Original source: Materials Today
3D printing of materials has evolved rapidly during the last three decades to the point where desktop machines are now available at relatively low cost. These machines allow fabrication of almost any design that might be generated in a computer and now a team from Switzerland is using the system to create hierarchical components for tissue engineering.
Writing in the journal Acta Biomateriala [Béduer, A. et al. Acta Biomater. (2018); DOI: 10.1016/j.actbio.2018.05.056], Amélie Béduer of the University of Geneva and EPFL, Lausanne and the Lausanne University Hospital and colleagues explain how they have developed a way to manufacture in an additive manner free-form centimeter-scale biocompatible objects with a hierarchical structure. These objects can be used as scaffolds for tissue growth and could be implanted with only a minimally invasive procedure. The success of their approach pivots on the optimization of carboxymethylcellulose-based cryogel inks and their use in 3D printing on to a cryogenic substrate.

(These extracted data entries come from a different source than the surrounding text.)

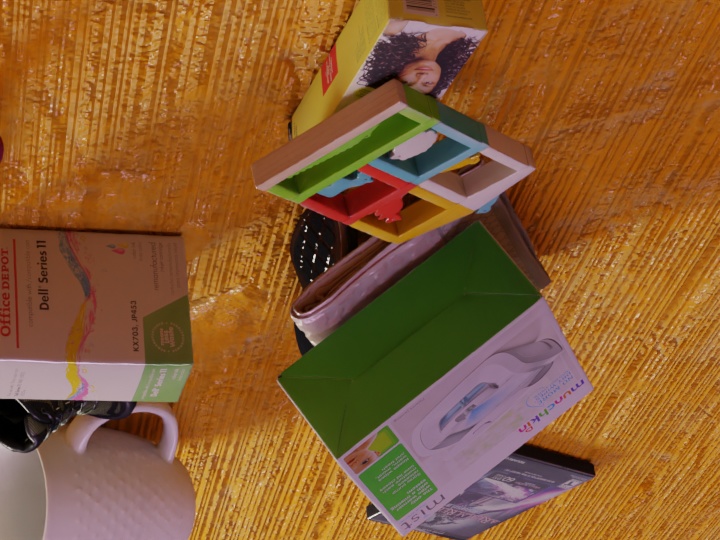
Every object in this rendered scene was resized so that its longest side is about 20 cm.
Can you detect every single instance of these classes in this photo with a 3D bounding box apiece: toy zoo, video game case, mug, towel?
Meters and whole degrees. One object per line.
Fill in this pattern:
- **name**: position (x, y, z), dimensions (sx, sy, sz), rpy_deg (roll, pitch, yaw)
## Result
- **toy zoo**: position (0.034, -0.069, 1.496), dimensions (0.131, 0.021, 0.199), rpy_deg (-28, 151, 28)
- **video game case**: position (0.123, 0.228, 2.179), dimensions (0.142, 0.019, 0.199), rpy_deg (18, 142, -38)
- **mug**: position (-0.236, 0.194, 1.923), dimensions (0.174, 0.148, 0.201), rpy_deg (5, 122, -38)
- **towel**: position (0.052, 0.018, 1.673), dimensions (0.190, 0.032, 0.200), rpy_deg (-37, 149, 0)

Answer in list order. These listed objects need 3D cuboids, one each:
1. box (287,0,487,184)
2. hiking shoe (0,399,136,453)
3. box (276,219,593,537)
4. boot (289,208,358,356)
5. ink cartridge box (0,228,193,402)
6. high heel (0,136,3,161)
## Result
- **box**: position (0.014, -0.130, 1.448), dimensions (0.075, 0.051, 0.200), rpy_deg (4, 151, -20)
- **hiking shoe**: position (-0.274, 0.113, 1.783), dimensions (0.199, 0.101, 0.076), rpy_deg (18, 144, -39)
- **box**: position (0.061, 0.087, 1.652), dimensions (0.199, 0.097, 0.177), rpy_deg (-37, 147, -2)
- **boot**: position (0.000, 0.000, 1.698), dimensions (0.096, 0.075, 0.201), rpy_deg (-25, 147, -23)
- **ink cartridge box**: position (-0.234, 0.034, 1.626), dimensions (0.198, 0.118, 0.067), rpy_deg (2, 151, -17)
- **high heel**: position (-0.286, -0.051, 1.509), dimensions (0.096, 0.068, 0.199), rpy_deg (28, 152, -33)

The researchers explain that their procedure with a basic commercial 3D printer allows them to fabricate highly porous and elastic cryogels structures that are biocompatible and have the added advantage of protecting the cells cultured within the component when it is compressed and injected into the host. Tests with mice have shown that such an implant can be readily injected under the skin. Once injected, the structure is quickly colonized by the animal’s cells forming loose vascularized connective tissue with only minimal signs of inflammation. At three months following injection, the structure remains encapsulation-free.
It is possible to vary the local pore size simply by changing the temperatures of the substrate on to which the structure is cryogenically 3D printed, the team adds. This, they explain, allows them to control the overall cell seeding density of the structure at the local level as demonstrated by in vitro tests. This translates to control of the vascularization density in cell-free scaffolds in vivo.
The work circumvents the obvious problems of earlier approaches to the 3D printing of tissue engineering scaffolds in that the new structures are not bulky, are flexible, far less fragile than the products of other approaches, and can be injected under the skin. It also offers a way to exploit 3D printed hydrogels that was previously not possible and the system allows the use of multiple “inks” as well as being adaptable to most types of hydrogel.